(From left to right, Jennifer Martinez, Denise Cummins, Jana Shearer)
It’s true what Maya Angelou said, people will forget what you said, people will forget what you did, but people will never forget how you made them feel. On April 11, 2014, Loma Linda University (LLU) Medical Center hosted a tour of their facility’s third floor. The Leadership Connection program from the Apple Valley and Rancho Cucamonga offices teamed up and enjoyed presentations from a variety of health care professionals from the LLU Medical Center.
Denise Cummins,
a supervisor/nurse practitioner told us her story and how she became the nurse
she is today. She became a nurse out of necessity; she just needed a job. She
told us, “I never wanted to be a nurse… [but] I fell in love with it along the
way.” However, she didn’t fall in love with it immediately. She’s been working
as a nurse for more than 15 years, but she told a story from when she first
started; a story from when she’d been working for less than a year. It still
brought tears to her eyes. (And to the eyes of many of the students in her
audience).
When she first started, she was not
the best nurse. She was doing the best she could in a job she never wanted. One
day, she was in the break room, talking with her coworkers and making jokes.
She heard a nurse at one of the tables behind her make a comment about ‘the
new, useless nurse’, and Denise knew that she was talking about her. She was stricken. She was ready to give up. But she didn’t. Instead, she strived to become
better. She sought out more training. More certifications. She told us “I
thought, well maybe if I was good [in one area] I would be better”.
And
all this, she still remembers more than a decade later. The emotions from that day remain burned into her memory. Who is a leader? At some point in our lives, all of us, whether we lead a Girl Scout troop or an army.

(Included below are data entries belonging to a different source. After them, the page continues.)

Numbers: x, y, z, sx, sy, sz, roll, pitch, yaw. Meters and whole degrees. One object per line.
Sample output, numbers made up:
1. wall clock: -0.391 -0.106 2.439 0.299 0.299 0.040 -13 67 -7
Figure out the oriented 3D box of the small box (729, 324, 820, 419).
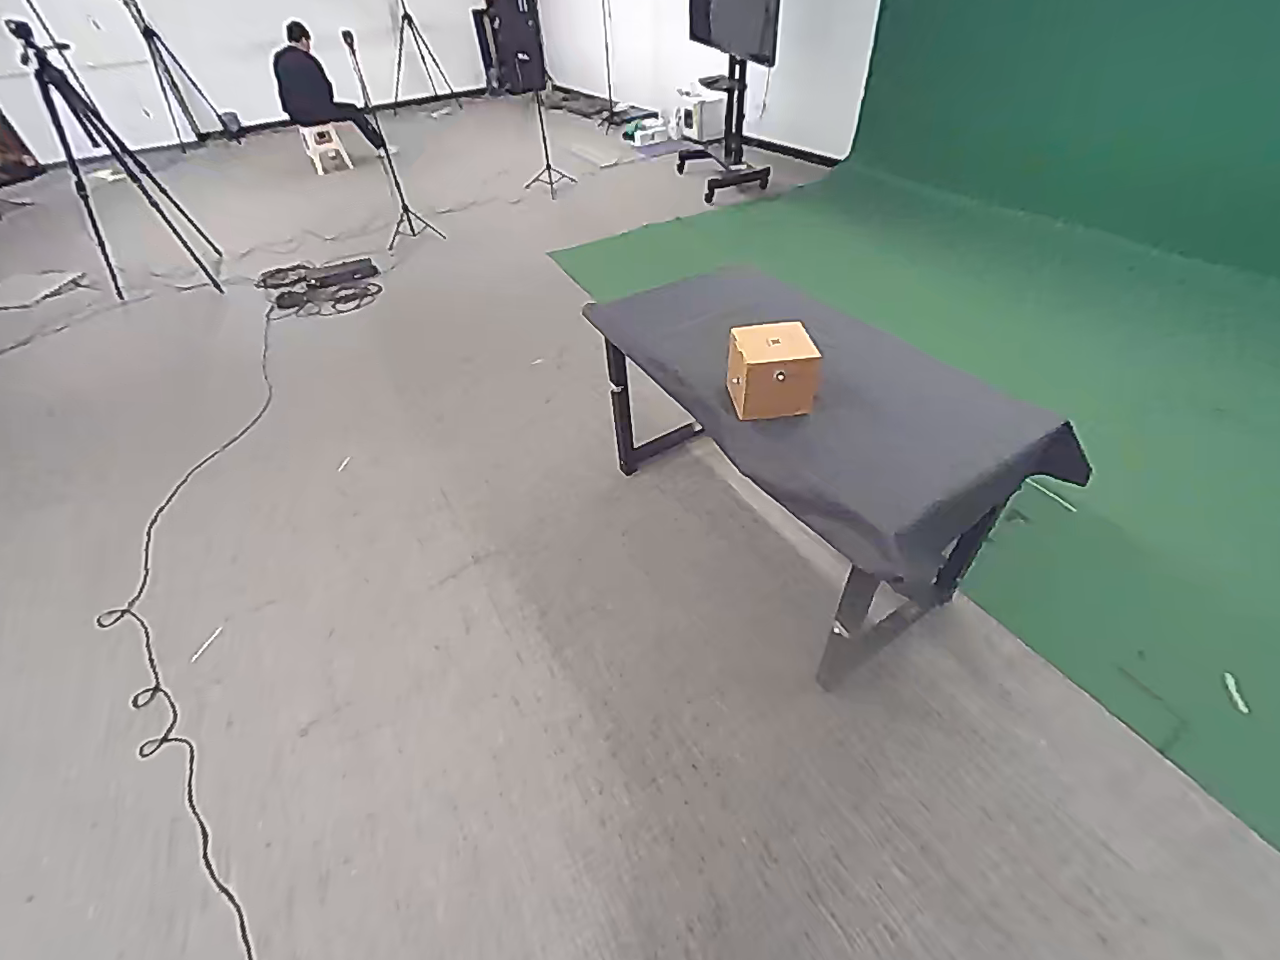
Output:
1. small box: 0.321 -0.265 1.336 0.179 0.176 0.168 -6 45 -3
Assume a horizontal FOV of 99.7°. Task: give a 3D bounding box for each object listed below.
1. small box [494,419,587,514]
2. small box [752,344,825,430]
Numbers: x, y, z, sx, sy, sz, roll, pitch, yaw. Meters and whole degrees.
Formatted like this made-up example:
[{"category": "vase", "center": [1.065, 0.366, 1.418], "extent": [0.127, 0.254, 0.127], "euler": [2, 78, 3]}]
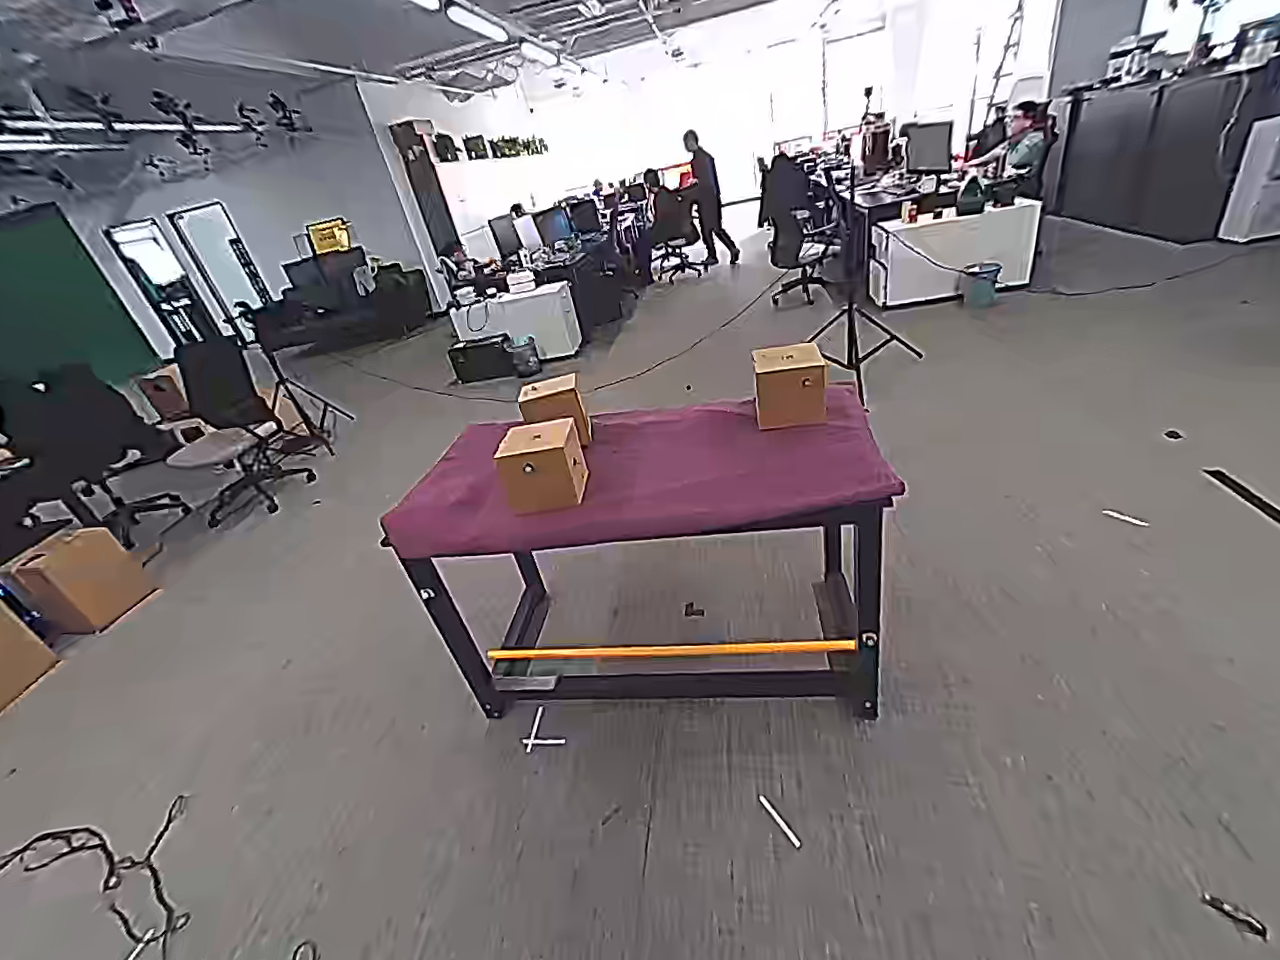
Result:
[{"category": "small box", "center": [-0.241, -0.032, 1.363], "extent": [0.179, 0.176, 0.168], "euler": [-9, 30, 8]}, {"category": "small box", "center": [0.403, -0.252, 1.473], "extent": [0.179, 0.176, 0.168], "euler": [-6, 32, 12]}]

The nurse in the break room was a leader and there are many ways to
lead people. Much of it boils down to, do you wish to lead with a whip or a carrot? Some leaders choose to lead people by their hair or the scruff of their
neck. Some leaders choose to lead people by the hand.
Today, I challenge you to
be a different kind of leader. Lead with a vision. And choose to lead people by showing them who
they could be, not tearing them down for who they are not.